The gap between the haves and have not’s is seriously wide in India and it has more widened after the introduction of new economic policy. Planning commission has adjusted the poverty line for 2009-10 prices, which stood at Rs. 29 per day per capita expenditure in urban areas and Rs. 22 per day per capita in rural areas. On the basis of this, the commission claimed that there was impressive rate of decline in poverty from 37.2 per cent in 2004-05 to 29.8 per cent in 2009-10.The orthodox economists are of the view that the higher GDP growth (8.5 per cent) from 2004-05 to 2009-10 has reduced poverty at a record rate of 1.5 per cent point per year.
But in the reality, according to the calorie estimates of poverty, the proportion of households which are unable to consume 2100 calories in urban areas and 2200 calories in rural areas (earlier it was 2400) are considered to be poor. On the basis of this criterion Utsa Patnaik calculated that the proportion of urban population living below this nutrition level has increased from 57 per cent in 1993-94 to 73 per cent in 2009-10. In case of rural areas, the proportion of population below minimum nutrition norms has increased from 59 per cent in 1993-94 to 76 per cent in 2009-10. It is evident that the extent of poverty in India has increased.

SOME REASONS BEHIND THE ISSUE:
Firstly, growth has been jobless, and the employment growth has declined for the same level of economic growth. Despite of remarkable growth which has made India the world's fourth biggest economy, "employment in different sectors has not been rising. This jobless growth in recent years has been accompanied by growth in casualization".

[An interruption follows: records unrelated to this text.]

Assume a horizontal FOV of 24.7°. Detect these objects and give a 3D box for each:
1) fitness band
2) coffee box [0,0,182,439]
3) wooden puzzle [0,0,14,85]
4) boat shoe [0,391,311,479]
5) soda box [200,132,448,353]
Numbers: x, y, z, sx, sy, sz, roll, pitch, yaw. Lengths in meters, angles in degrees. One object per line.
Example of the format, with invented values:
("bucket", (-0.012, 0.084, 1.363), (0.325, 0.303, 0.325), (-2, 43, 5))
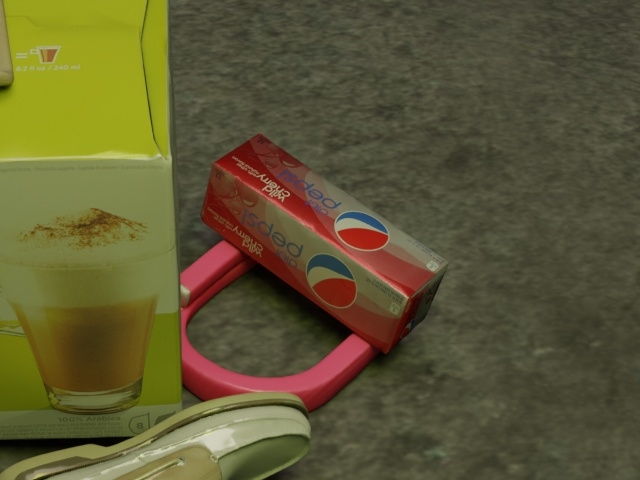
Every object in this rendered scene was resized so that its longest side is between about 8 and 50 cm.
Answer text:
("fitness band", (-0.040, 0.077, 1.563), (0.209, 0.054, 0.291), (31, 43, 19))
("coffee box", (-0.302, -0.046, 1.369), (0.338, 0.334, 0.338), (-1, 41, -5))
("wooden puzzle", (-0.383, -0.194, 1.247), (0.221, 0.044, 0.238), (-9, 43, -10))
("boat shoe", (-0.137, 0.228, 1.318), (0.302, 0.113, 0.103), (-17, 49, -19))
("soda box", (0.000, 0.000, 1.556), (0.263, 0.092, 0.083), (34, 44, 18))

Secondly, growth has been uneven across sectors and locations. For instance, agriculture has been lagging behind and some regions have advanced faster than others. Policies are also relatively ignored the agriculture sector.


Deliberate actions should be taken for lessening vertical inequalities (individual inequalities) and horizontal inequalities (group inequalities).  There is need to create large-scale job otherwise growth becomes, lower down. Growth biased in favor of lower income groups would ensure stability since their consumption patterns are likely to be more stable. Institutions, regulation and economic governance need to acclimate to maintain the economic transformation required for India to tackle its social and economic challenges. Finally, rights of women, children, minority communities and the other marginalized sections of society must be constantly watched and protected if we wish to reach our goal of a truly developed society.